Pauline Sung

Associate Professor, The Hong Kong Polytechnic University,
The Department of Applied Social Sciences
HJ402, Department of Applied Social Sciences,
The Hong Kong Polytechnic University, 
Hung Hom, Kowloon, Hong Kong 

Email:Pauline.Sung@polyu.edu.hk

Pauline is a family therapist who teaches, researches, writes, and consults about family therapy with Chinese families, educating reflective family therapists, and developing professional artistry and wisdom from clinical practice. Currently, she is an Associate Professor in Social Work in the Department of Applied Social Sciences at the Hong Kong Polytechnic University and a clinical fellow & supervisor of the American Association for Marriage and Family Therapy. Her major contribution is to incorporate family therapy as a major component in social work by establishing the first post-graduate family therapy program in Hong Kong in 1992 and introducing family therapy into China in 2000.

In collaboration with Professor Donald Schon of MIT, Pauline developed a groundbreaking theory to explain how experienced practitioners learn new knowledge so as to promote innovative organizational changes. For the past two decades, she has actively promoted partnership between academics and government/non-profit-making organizations to pioneer the use of action research to promote organizational change and generate practice knowledge in Hong Kong and China. She has also transferred her expertise to develop new knowledge for organizational changes in the field of public health. From 2005-2007, Pauline had led a multi-disciplinary research team of medicine, sport science, nutritional science and family therapy in Hong Kong to conduct a number of cross- sectional and qualitative studies on the relationship between family dynamics and childhood obesity. In 2006-2011, her team had launched the first of its kind endeavor in formulating and validating a family-based model to address the adolescent obesity epidemic in Hong Kong. Recently, her research team is conducting the first translational research in Shanghai, China to disseminate and implement the evidences generated from the Hong Kong family-based intervention for preventing adolescent obesity.

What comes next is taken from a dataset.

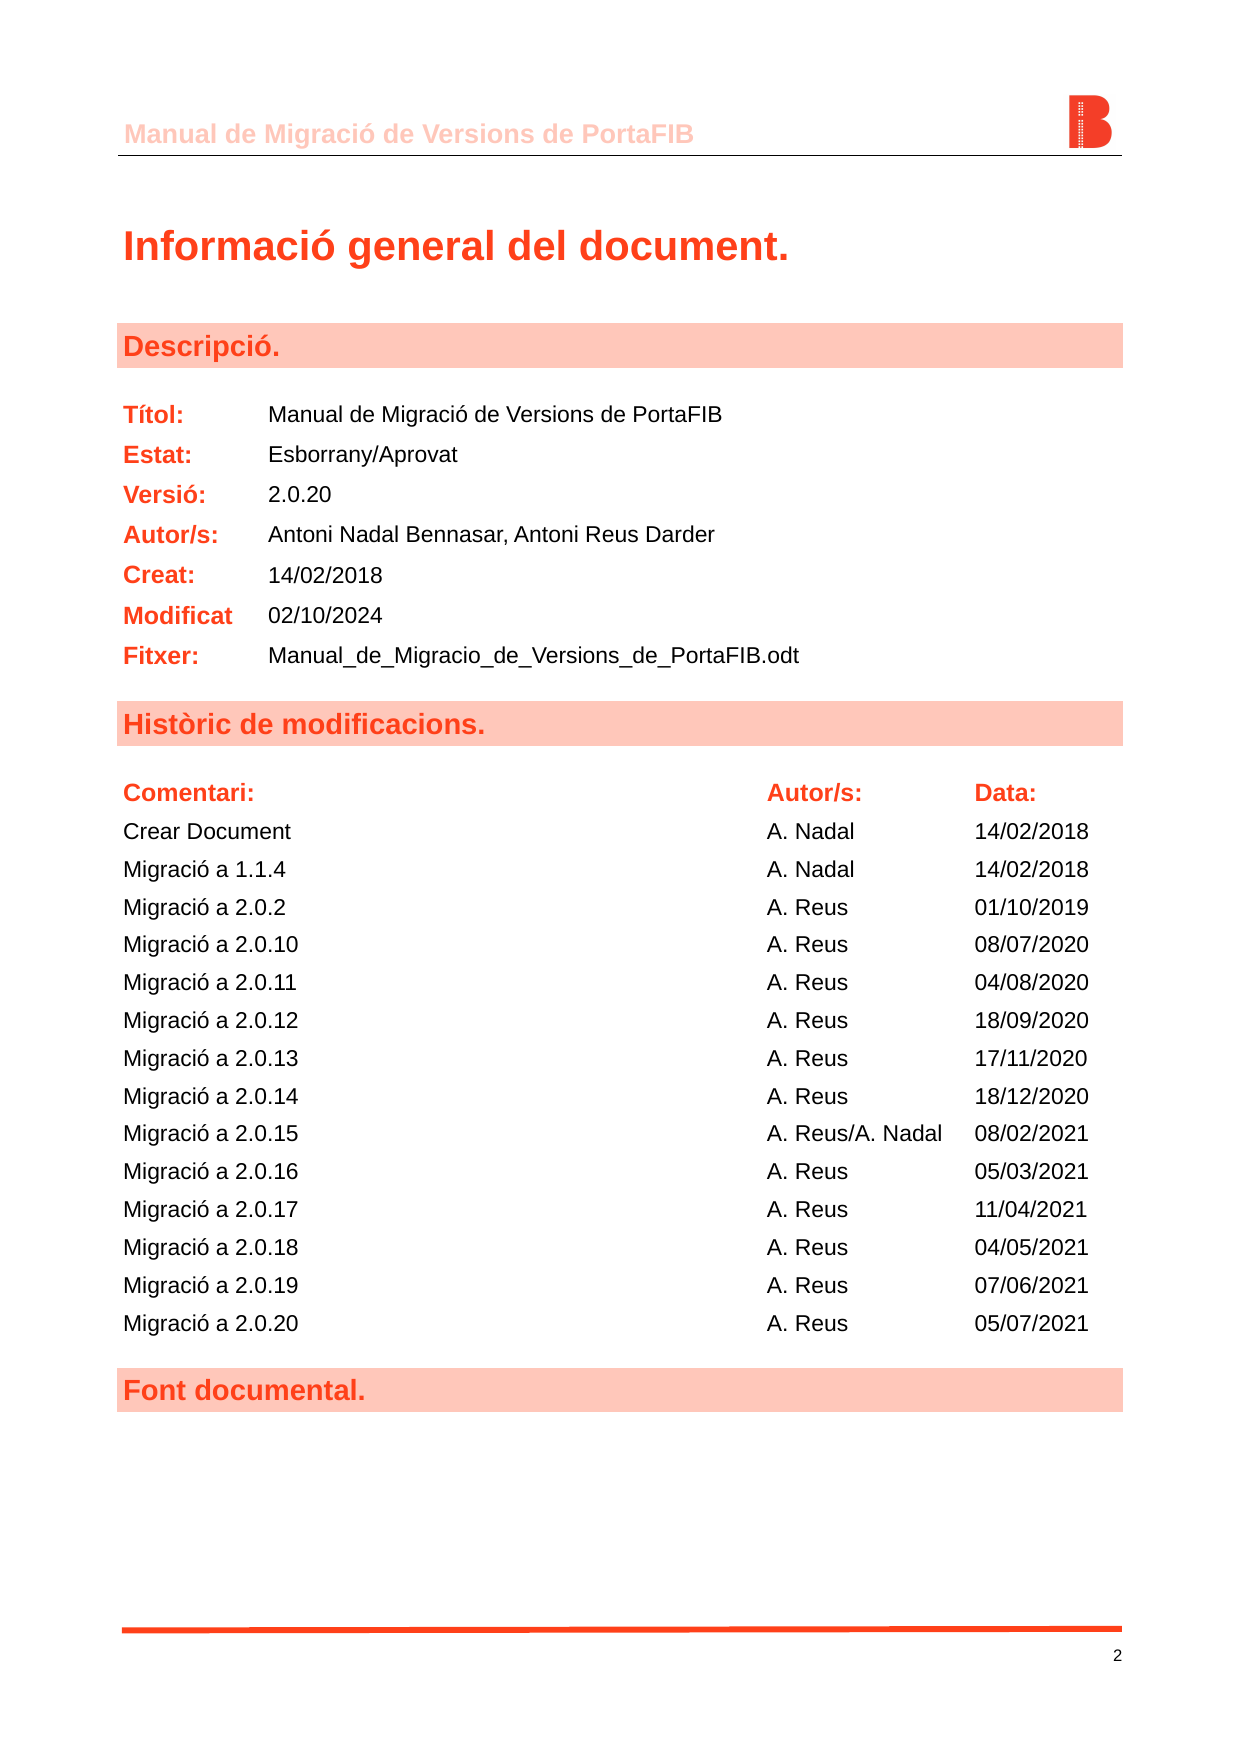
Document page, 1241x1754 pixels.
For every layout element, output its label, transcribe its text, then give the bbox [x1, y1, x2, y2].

In 2011, Pauline was awarded as a Fulbright Scholar at the George Warren Brown School of Social Work at Washington University in St. Louis. She collaborated with Prof. Ross Brownson and other distinguished faculty members of the Prevention Research Center of WUST to introduce a new discipline, the dissemination and implementation science, to China. Moreover, she co-edited a book specific to dissemination research in China: Building Knowledge in China through Practice-based and Evidence-Based Research. 

Pauline’s academic and research interests include organizational learning and change, collaborative action research, family therapy, educating reflective practitioners- researchers, and cross- cultural evidence- based interventions.